Newly released enrollment figures for Oklahoma schools show districts may receive at least $195 million combined for 55,236 “ghost” students who do not attend classes in the district but are nonetheless included in enrollment counts used to determine state funding for each district.
Under Oklahoma law, state funding for schools is distributed based on several factors, including “the highest weighted average daily membership for the school district of the two (2) preceding school years.”
As a result of distributing state aid based on the highest enrollment figure from a three-year period, schools with declining enrollment can receive continued funding for students who transferred to other districts, graduated, or even moved out of state.
Such students are informally referred to as “ghost” students since they exist only on paper in the districts claiming them based on prior-year enrollments.
Due to COVID-related shutdowns in many major Oklahoma schools, this year tens of thousands of students transferred to virtual charter schools, private schools, homeschool, or other districts that provide full-time, in-person instruction.
Yet those departed students can still be included in the enrollment count used by their old district when state officials determine the level of state funding that district will receive.
An Oklahoma Council of Public Affairs analysis, based on newly released enrollment data for more than 500 school districts, finds that 55,236 ghost students may be included in the enrollment figures used in the state’s school-funding formula.

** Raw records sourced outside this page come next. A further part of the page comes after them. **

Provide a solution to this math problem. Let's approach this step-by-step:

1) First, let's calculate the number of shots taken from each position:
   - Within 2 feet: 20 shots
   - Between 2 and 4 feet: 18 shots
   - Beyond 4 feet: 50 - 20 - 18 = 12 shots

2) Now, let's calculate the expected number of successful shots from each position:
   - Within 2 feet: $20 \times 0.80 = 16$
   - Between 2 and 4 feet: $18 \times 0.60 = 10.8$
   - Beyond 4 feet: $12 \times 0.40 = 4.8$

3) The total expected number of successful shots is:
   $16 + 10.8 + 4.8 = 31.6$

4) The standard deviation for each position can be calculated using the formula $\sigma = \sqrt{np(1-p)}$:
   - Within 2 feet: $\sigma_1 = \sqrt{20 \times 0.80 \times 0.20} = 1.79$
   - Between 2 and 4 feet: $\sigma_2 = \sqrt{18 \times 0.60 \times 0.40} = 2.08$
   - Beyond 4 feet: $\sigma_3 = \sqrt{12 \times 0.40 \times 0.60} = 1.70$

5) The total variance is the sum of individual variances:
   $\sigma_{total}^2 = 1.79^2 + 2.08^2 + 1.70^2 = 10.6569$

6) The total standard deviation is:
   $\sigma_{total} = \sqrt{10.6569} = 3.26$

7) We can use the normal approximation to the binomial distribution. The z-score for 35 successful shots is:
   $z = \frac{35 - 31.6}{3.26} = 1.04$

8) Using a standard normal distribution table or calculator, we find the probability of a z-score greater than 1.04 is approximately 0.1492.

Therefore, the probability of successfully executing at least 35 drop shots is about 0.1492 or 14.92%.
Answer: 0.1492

The 55,236 figure reflects only the shift in raw student numbers. The “ghost student” impact on funding may be even greater since the school-funding formula assigns “weights” to individual students based on things such as special needs or poverty, so a single student could count as 1.5 students when a school’s funding is calculated, for example.
Because the state-aid figure for 2021 is $3,533.17 per student, that means at least $195.1 million may be allocated for the education of nonexistent students throughout Oklahoma schools. That estimate likely understates the full financial impact due to the use of student “weights” in the funding process.

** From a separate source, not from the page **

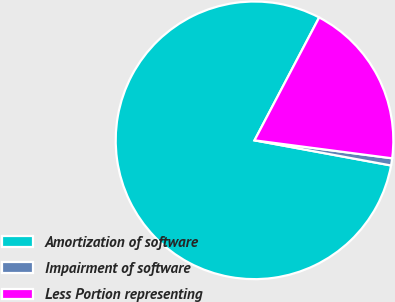Convert chart. <chart><loc_0><loc_0><loc_500><loc_500><pie_chart><fcel>Amortization of software<fcel>Impairment of software<fcel>Less Portion representing<nl><fcel>79.8%<fcel>0.83%<fcel>19.36%<nl></chart> 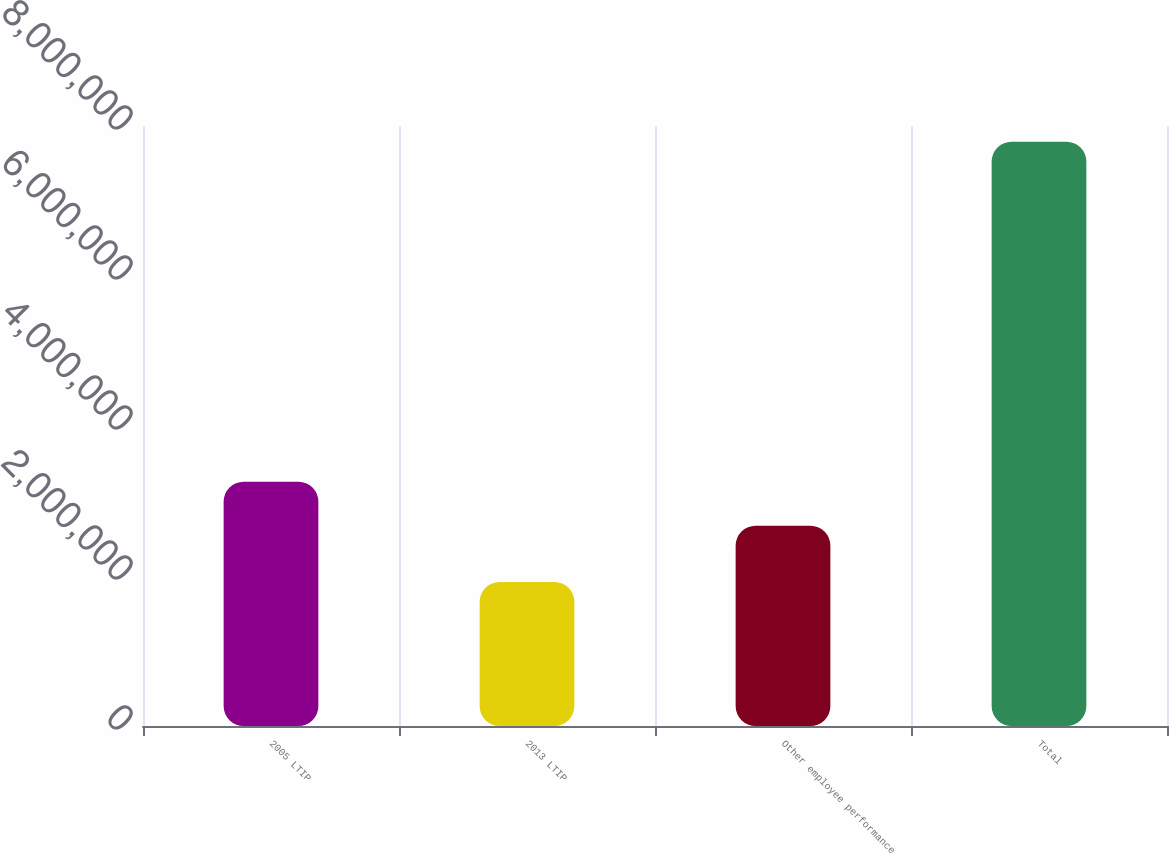Convert chart to OTSL. <chart><loc_0><loc_0><loc_500><loc_500><bar_chart><fcel>2005 LTIP<fcel>2013 LTIP<fcel>Other employee performance<fcel>Total<nl><fcel>3.25705e+06<fcel>1.92e+06<fcel>2.67e+06<fcel>7.7905e+06<nl></chart>

In part because an overwhelming majority of traditional school districts experienced declining student enrollment this year, nearly all districts could receive funding for ghost students under the state’s current funding formula.
However, just 22 districts account for 30,691 ghost students, or more than 55 percent of the total. Those districts are among Oklahoma’s largest districts, mostly centered in urban areas, and positioned to each claim 400 or more ghost students when it comes to distribution of state funding.
In many other districts, the number of ghost students is relatively small. State data show that 127 districts may be able to claim between one and 20 ghost students.
However, because many of those districts have very low student counts, in some situations more than 10 percent of a small school’s per-pupil state funding may be tied to student-enrollment counts from prior years that include children who no longer attend the school.
Just 65 districts—including the online districts that have experienced explosive growth—will likely not be able to claim any ghost students under existing state law.
Ray Carter is the director of OCPA’s Center for Independent Journalism.